Monday, July 13, 2015

Ee-i-ee-i-o

Mary: "Dr. Grumpy's office, this is Mary."

Mrs. McDonald: "Hi, I'm on my way there for my appointment, but I'm running late."

Mary: "Okay, well, the one after you just cancelled, so come on in and he'll see you when you get here."

Mrs. McDonald: "What a mess. The neighbor's asshole rooster came into my yard, and my dog got it. Feathers every-fucking-where."

Mary: "We'll see you soon."

Mrs. McDonald: "The bird had it coming, too. I mean, every day he struts around on top of MY fence like he fucking owns the place, and taunts Bitsy. If he was stupid enough to come down to the ground, he deserves whatever she did to him."

Mary: "..."

Mrs. McDonald: "My goats saw the whole thing. They were probably cheering for Bitsy the whole time. And then, when I finally got the damn bird away from Bitsy, and it was still alive, I handed it over the fence to the bitch owner. And you know what she said? She said that if he dies, I owe her a new rooster. The hell I do."

Mary: "I..."

Mrs. McDonald: "I told her she could get her ass over and clean up the feathers that are all over my yard. If it's her bird, then they're her feathers, aren't they? So she better have them all picked up and gone when I get home."

Mary: "Okay..."

Mrs. McDonald: "Anyway, I can show you the pictures of the feathers and the bird when I get there to prove I'm telling the truth. I took a lot of them for evidence, because, you know, this is probably going to end up in front of Judge Wapner or something. I'll be at your place in a few."

click

Friday, July 10, 2015

Overhead hospital page

"Will the owner of a red fire truck parked in front of ER please move your vehicle?"

Thank you, Marsha!

Thursday, July 9, 2015

Memories...

In 1995, in the usual tradition, my nephew was circumcised.
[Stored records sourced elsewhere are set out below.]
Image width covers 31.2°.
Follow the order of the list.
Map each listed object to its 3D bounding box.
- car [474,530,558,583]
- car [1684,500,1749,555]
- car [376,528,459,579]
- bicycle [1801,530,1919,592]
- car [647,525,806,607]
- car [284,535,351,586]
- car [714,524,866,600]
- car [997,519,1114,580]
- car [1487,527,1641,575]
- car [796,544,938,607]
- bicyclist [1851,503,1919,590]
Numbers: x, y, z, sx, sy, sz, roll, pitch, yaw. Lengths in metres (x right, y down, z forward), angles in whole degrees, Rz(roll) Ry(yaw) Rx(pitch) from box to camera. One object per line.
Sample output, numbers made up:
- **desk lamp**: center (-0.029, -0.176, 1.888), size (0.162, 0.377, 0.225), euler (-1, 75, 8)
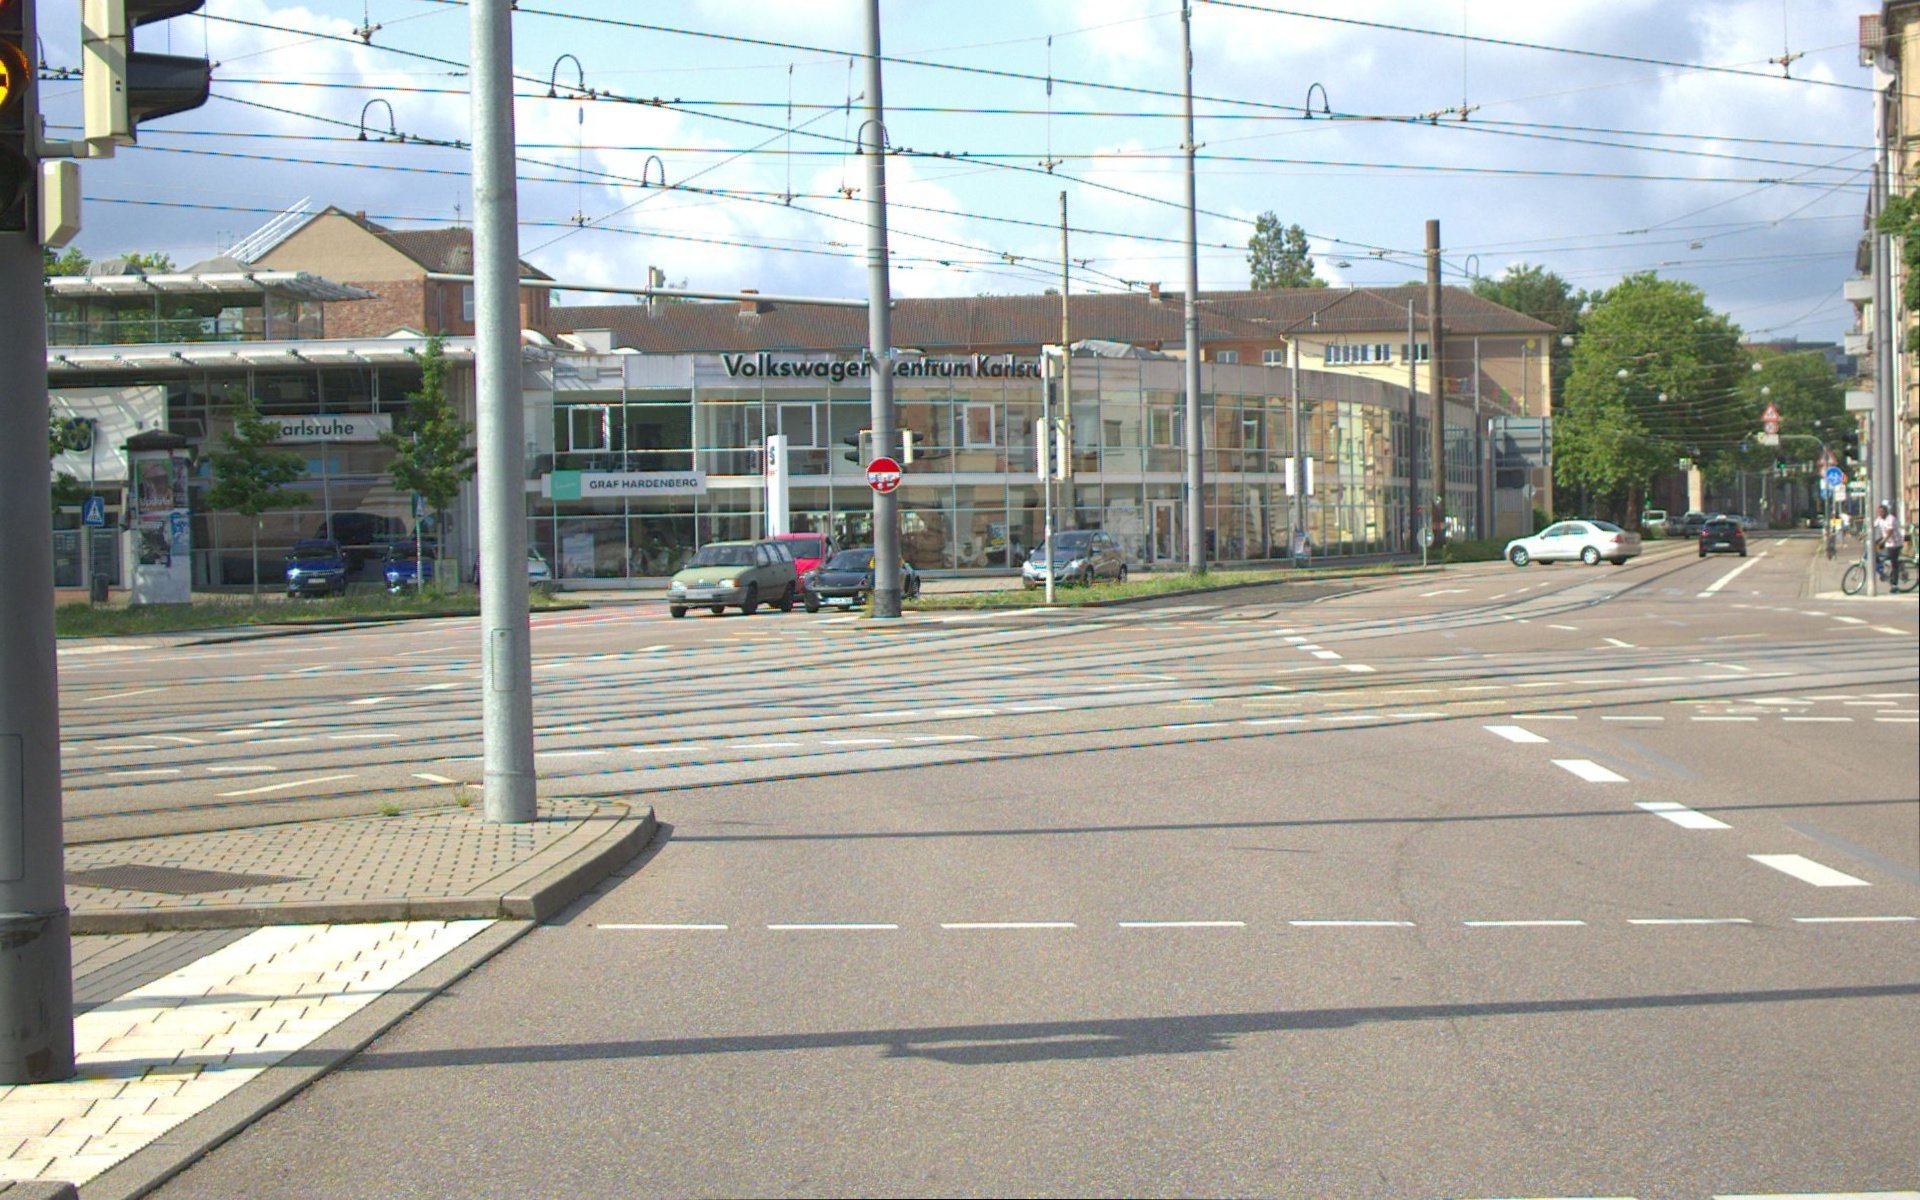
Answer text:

The ceremony was at my parent's house. Mom placed the foreskin in a Ziploc bag and put it in her freezer. Her plan was to give it to my sister on the kid's first birthday...  I'm still not sure why.

When my nephew was a year old, Mom went looking through the freezer. She couldn't find the bag. Multiple attempts at moving things around, looking through piles of frost, etc. were unsuccessful. The foreskin had vanished into some sort of interdimensional void.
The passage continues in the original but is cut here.